EXERCISE DETAILS –
Keep to one stretch of the data below, the lines from the one with "Infer one oriented" up to and including the one with "size: [0.337, 0.032, 0.126]", and return that stretch exactly.

RECORDS –
BEGIN
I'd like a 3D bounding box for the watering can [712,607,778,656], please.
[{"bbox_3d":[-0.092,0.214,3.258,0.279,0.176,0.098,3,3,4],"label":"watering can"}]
END
BEGIN
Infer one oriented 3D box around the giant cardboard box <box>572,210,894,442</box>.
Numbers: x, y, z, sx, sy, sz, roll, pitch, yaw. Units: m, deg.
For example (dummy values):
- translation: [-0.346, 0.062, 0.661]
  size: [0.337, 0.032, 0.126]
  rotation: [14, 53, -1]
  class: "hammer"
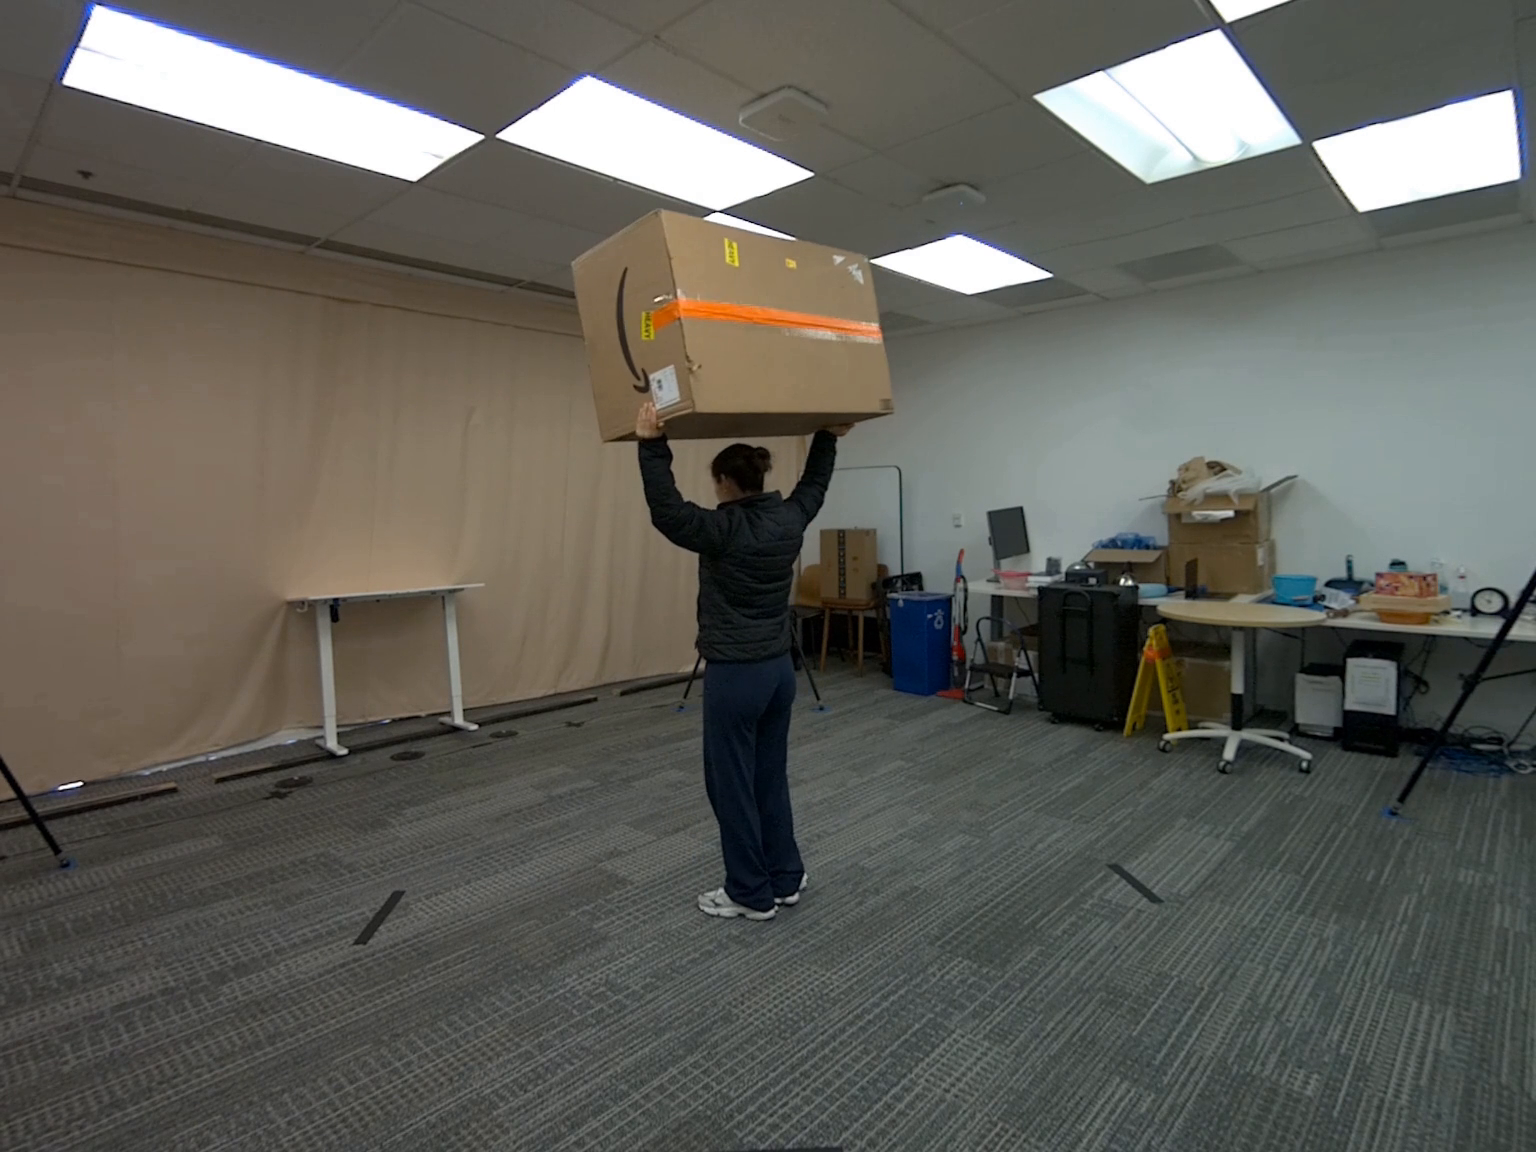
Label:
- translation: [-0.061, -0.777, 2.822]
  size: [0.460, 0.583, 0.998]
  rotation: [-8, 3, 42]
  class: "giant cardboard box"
END
WRITTEN ANSWER –
Infer one oriented 3D box around the giant cardboard box <box>572,210,894,442</box>.
Numbers: x, y, z, sx, sy, sz, roll, pitch, yaw. Units: m, deg.
For example (dummy values):
- translation: [-0.346, 0.062, 0.661]
  size: [0.337, 0.032, 0.126]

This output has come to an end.